China Merchants Property Operation & Service Co.Ltd(001914) 2021 annual report comments: actively expand multi-path, and continue to take the lead in the non residential field

\u3000\u3 Ping An Bank Co.Ltd(000001) 914 China Merchants Property Operation & Service Co.Ltd(001914) )

The company’s performance grew steadily and the gross profit margin increased. In 2021, the company achieved a total operating revenue of 10.59 billion yuan, a year-on-year increase of 22.4%; The net profit attributable to the parent company was 510 million yuan, a year-on-year increase of 17.3%. The comprehensive gross profit margin was 13.8%, an increase of 0.2 percentage points over 2020; The management fee rate was 3.7%, 0.3 percentage points lower than that in 2020; The net interest rate was 4.8%, down 0.2 percentage points from 2020. The year-on-year decline in the company’s net interest rate was mainly due to the provision of assets and credit impairment of 161 million yuan in 21 years, which correspondingly reduced the net profit attributable to the parent by 125 million yuan.
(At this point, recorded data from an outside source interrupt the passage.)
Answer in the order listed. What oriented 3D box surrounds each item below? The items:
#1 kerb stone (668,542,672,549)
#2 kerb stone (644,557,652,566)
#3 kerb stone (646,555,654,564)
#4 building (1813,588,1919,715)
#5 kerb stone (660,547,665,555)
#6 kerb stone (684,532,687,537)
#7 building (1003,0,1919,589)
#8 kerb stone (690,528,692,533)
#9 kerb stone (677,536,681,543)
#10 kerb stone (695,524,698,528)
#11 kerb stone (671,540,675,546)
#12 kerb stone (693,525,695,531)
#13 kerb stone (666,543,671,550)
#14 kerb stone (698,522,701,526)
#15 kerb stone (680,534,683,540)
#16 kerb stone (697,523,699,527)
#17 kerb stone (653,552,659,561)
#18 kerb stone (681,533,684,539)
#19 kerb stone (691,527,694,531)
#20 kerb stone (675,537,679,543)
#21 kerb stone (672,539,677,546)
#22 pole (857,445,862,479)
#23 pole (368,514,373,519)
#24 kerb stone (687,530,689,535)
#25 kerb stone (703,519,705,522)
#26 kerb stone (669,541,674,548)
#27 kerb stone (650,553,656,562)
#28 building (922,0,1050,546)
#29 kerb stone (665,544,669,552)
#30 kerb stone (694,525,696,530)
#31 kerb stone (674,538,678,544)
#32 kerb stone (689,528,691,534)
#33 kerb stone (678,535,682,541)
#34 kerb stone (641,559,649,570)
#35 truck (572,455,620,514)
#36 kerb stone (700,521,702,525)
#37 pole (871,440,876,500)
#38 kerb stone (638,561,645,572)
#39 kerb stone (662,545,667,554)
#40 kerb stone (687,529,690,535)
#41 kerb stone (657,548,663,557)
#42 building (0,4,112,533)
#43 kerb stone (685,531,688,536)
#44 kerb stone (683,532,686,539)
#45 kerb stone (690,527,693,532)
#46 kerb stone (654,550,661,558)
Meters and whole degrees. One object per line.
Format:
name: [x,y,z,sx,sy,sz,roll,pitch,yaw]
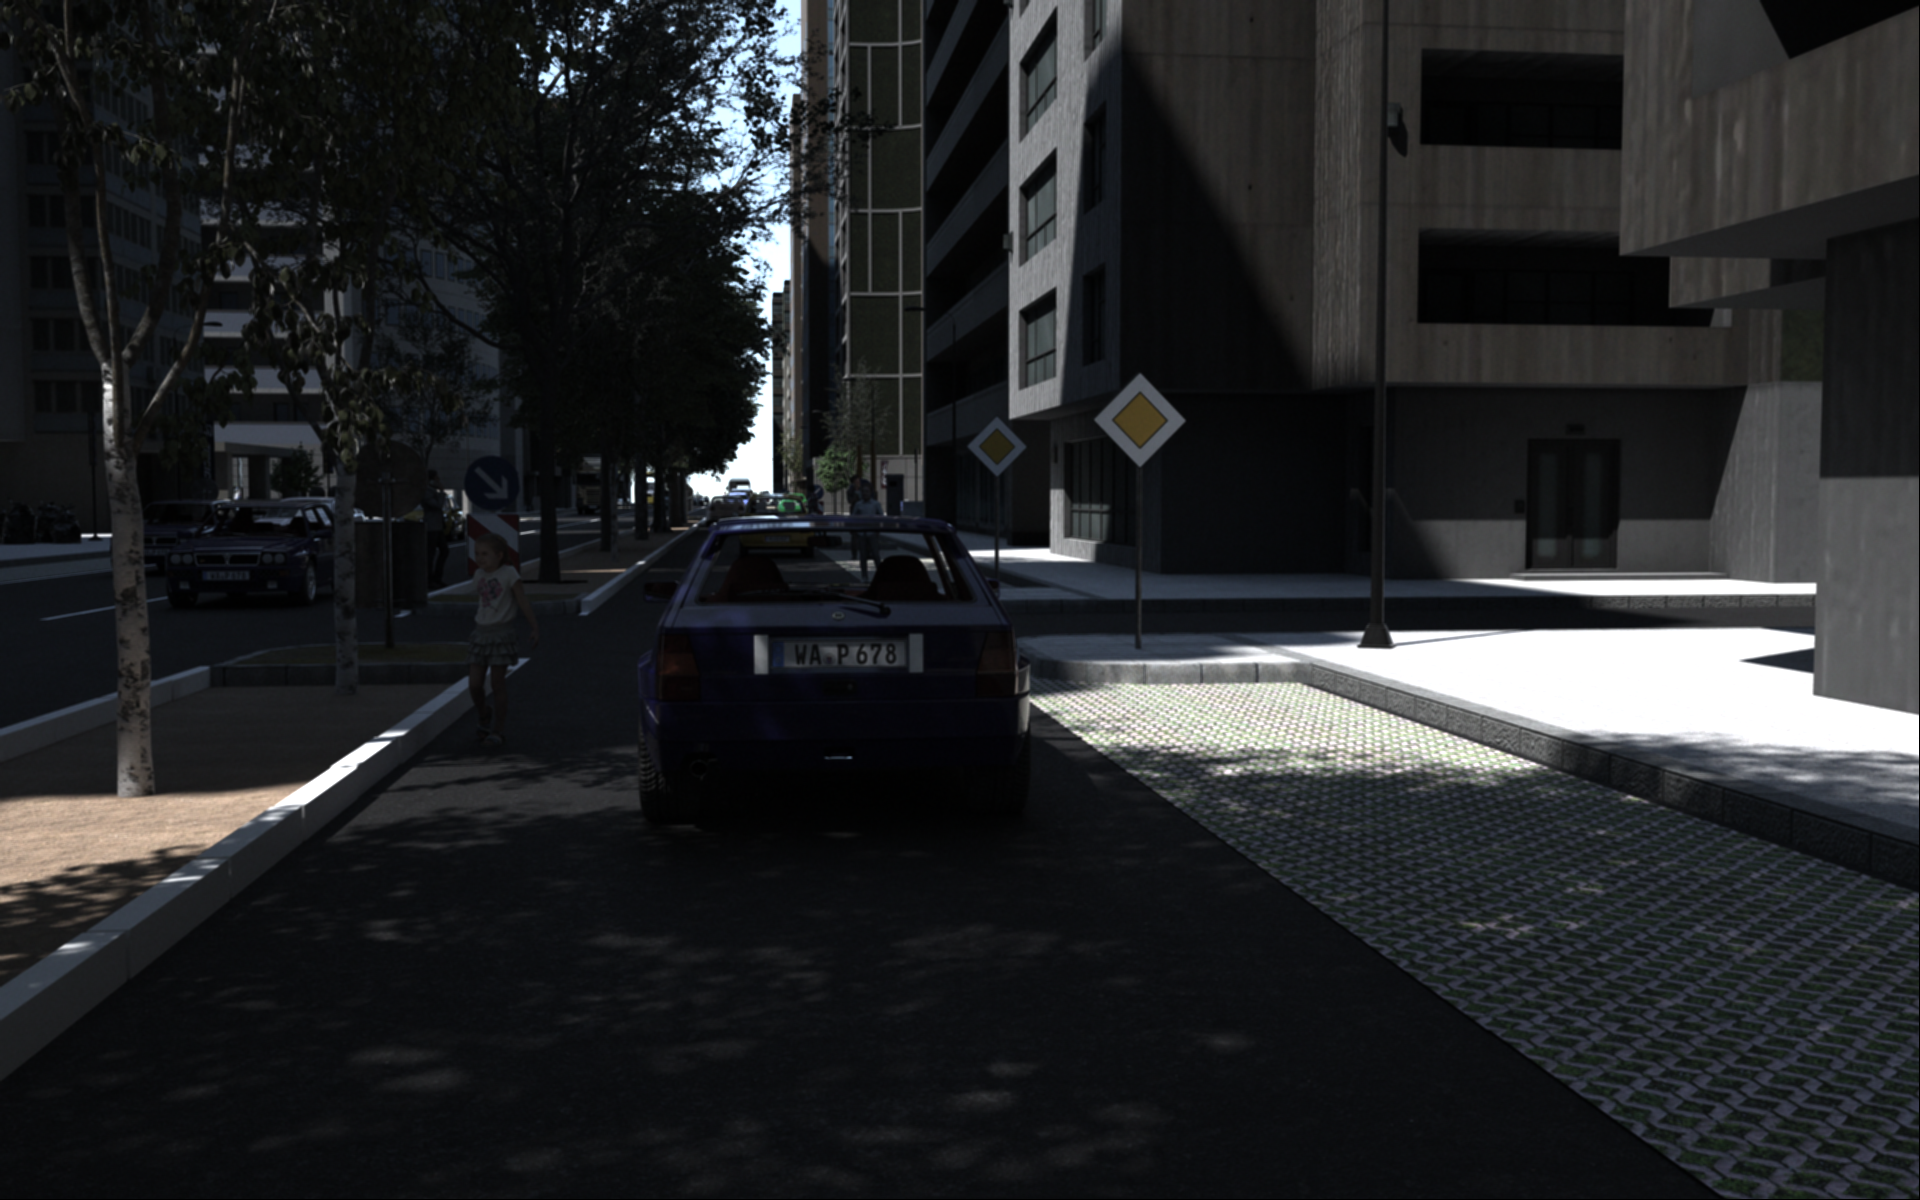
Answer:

In addition, the company’s income tax rate was 43.9%, an increase of 3 percentage points over 2020.

The scale of property management has increased rapidly, and the non residential field has continued to take the lead. In 2021, the company managed 1717 projects, an increase of 279 compared with 2020; The area under management was 281 million square meters, a year-on-year increase of 47.2%, and the growth rate of property management scale increased significantly. Among them, the proportion of non residential increased by 9 percentage points to 59%. In 2021, the company’s non residential advantageous business forms developed rapidly, and the area under management of parks, hospitals, urban services and other business forms increased significantly. The overall gross profit margin of the property management sector increased by 0.5 percentage points to 11.4%. On the one hand, the increase in the gross profit margin and management fee rate was due to the increase in the scale and density of property management, which showed the scale effect, and the proportion of non residential business increased significantly. In the first mock exam, the company has implemented the standardized action of “one format and one temsector”, and centralized and unattended car park operations.

Actively expand multi-path and achieve a breakthrough in M & A. In 2021, the newly signed contract amount of the company was 3.05 billion yuan, with a year-on-year increase of 24.2%, of which the proportion of third parties increased by 4 percentage points to 79%, and the market-oriented expansion ability was further enhanced. The company expanded the scale of its total expansion and established in-depth strategic cooperation with many enterprises. The total newly signed contract amount increased by 133% year-on-year. In 2021, the company established eight new joint ventures with local resource platforms, and the newly signed contract amount increased by 298% year-on-year. The establishment of the joint venture also laid a foundation for the subsequent improvement of regional density and concentration. At the same time, the company achieved a breakthrough in M & A, acquired the properties of Shanghai Airlines and China Southern Airlines, and locked in the 65% equity of Shenzhen Huiqin.

The platform business has achieved initial results and actively promoted asset divestiture. In 2021, the company’s home exchange cloud platform achieved leapfrog growth, with an operating revenue of 266 million yuan, a year-on-year increase of 494%, and the re purchase rate of the mall increased by 25.4%. At the same time, the company has divested the assets of AVIC City, Kunshan AVIC and Ganzhou, with a total transaction price of 778 million yuan, optimized the asset structure and focused more on the main business, which is expected to improve the operation efficiency of the property sector.

Investment suggestion: we predict that the company’s EPS will be 0.63/0.77/0.95 yuan / share from 2022 to 2024, and the corresponding PE will be 23.8/19.5/15.9 times respectively. The company will be given a “buy” rating for the first time.

Risk tips: internal integration is not as expected, labor costs are under great upward pressure, real estate project disposal is uncertain, industry policy risks, etc.